Proofs at first exude a strong aroma of certainty.
On closer inspection though, more subtle notes emerge. Despite the dreams of formalists, the overwhelming majority of proofs in use and circulation are not minute low-level logical derivations, but rather intuitive high-level explanations. Some of which turn out to be false even after peer-review. Similarly, the level of details varies enormously across accepted proofs.
And yet it works, most of the time. Enough to build massive and intricate systems, and enough for millions of daily practical applications in the physical world.
I think this mystery dissolves if we refuse to give proofs a special status. Instead of being the one and only form of certainty accessible to man, they make far more sense as “just” a strong form of evidence in the traditional scientific sense.
If proof is only evidence, then obviously different contexts call for different levels of details. We accept many geometric or intuitive proofs of the Pythagorean theorem, but ask for detailed checks on tens-of-pages-long advanced algebraic geometry proofs.
The other positive externality of desacralizing proofs comes in the form of methodological flourishing. Indeed, if proofs are merely sources of evidence, then any other way to generate evidence about formal statements is as valid, as long as the total evidence ends up approximately the same.
Or to put it more provocatively: proofs are not necessary if we find alternative ways of gathering the same amount of evidence.

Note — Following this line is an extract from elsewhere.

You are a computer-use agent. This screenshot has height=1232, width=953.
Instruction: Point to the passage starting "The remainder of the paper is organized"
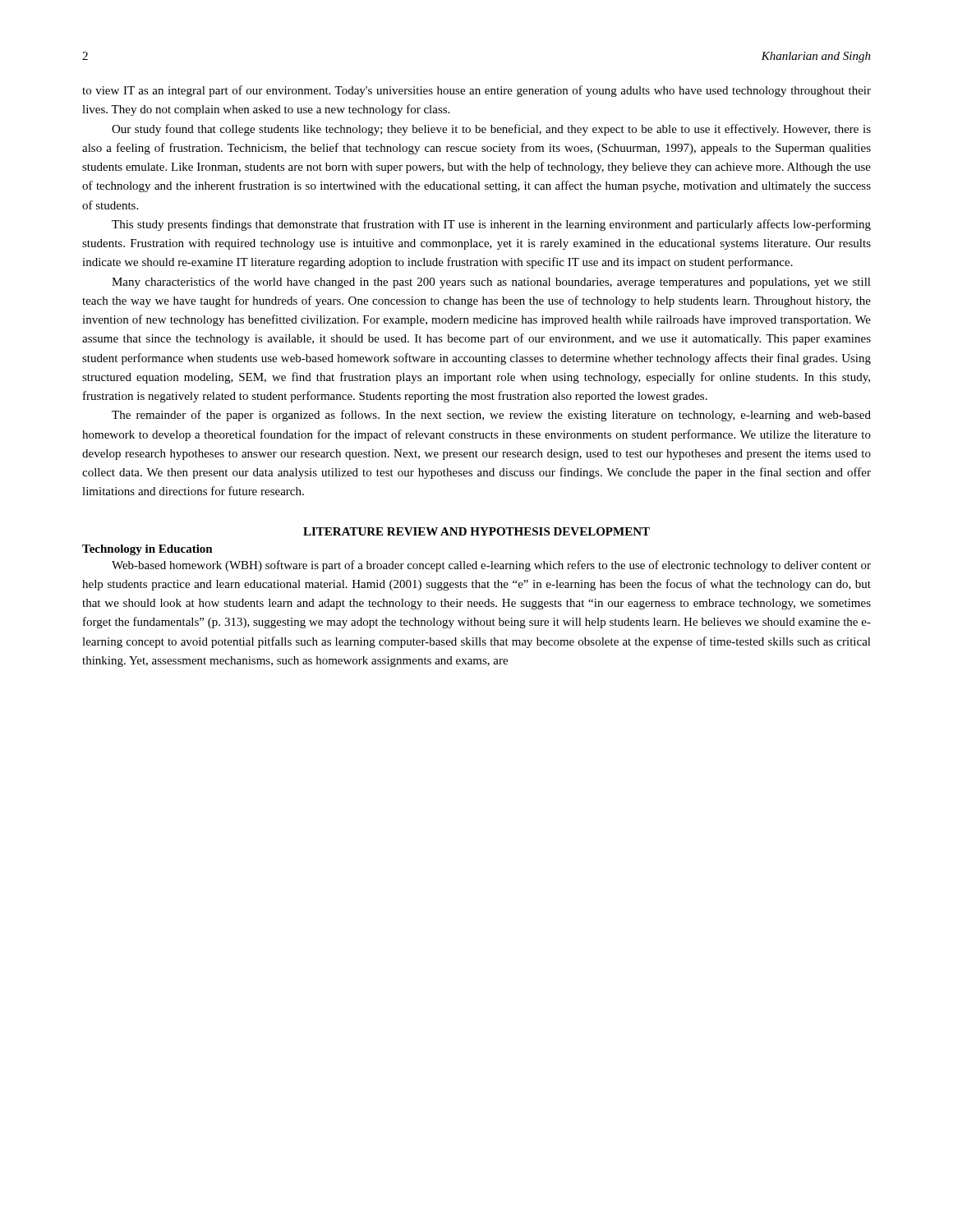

Nowhere has this rich ground been better exploited than in computational complexity theory, the field studying the resources needed (time, memory, coin flips) to solve computational problems. For you see, conjectures in complexity theory are atrociously hard to prove. They’re some of the hardest across all of mathematics. But complexity theorists still want to advance their field, and so they have evolved an opportunistic methodology that accumulates evidence through alternative ways (based on proofs of other, simpler statements mostly).
Let’s look at two example methods to get an idea:
- (Approximation algorithms breaking) Imagine that we have a class of problem C that we conjecture cannot be solved with a certain amount of resources (say polynomial time). But we have approximation algorithms that can approximate the solutions to problems in C within the resource bounds. If we find out that all the approximation algorithms that we come up with mysteriously break down when we try to make the approximation more precise, this is evidence for problems in C being impossible to solve with these resources — because such result is far easier to explain for the conjecture that C cannot be solved with these resources than for the opposite conjecture.
- (Consistency proofs) Imagine that there is a mathematical theory in which we can prove many of the key results in complexity theory. Then showing that this theory is consistent with our conjecture (that there exists a valid model of the theory where the conjecture is true) is a form of logical falsification: we have shown that our conjecture is coherent with much of the established results of the field. Obviously, the more powerful the original theory is in terms of rederiving complexity theory results, the more evidence comes from the conjecture surviving this falsification.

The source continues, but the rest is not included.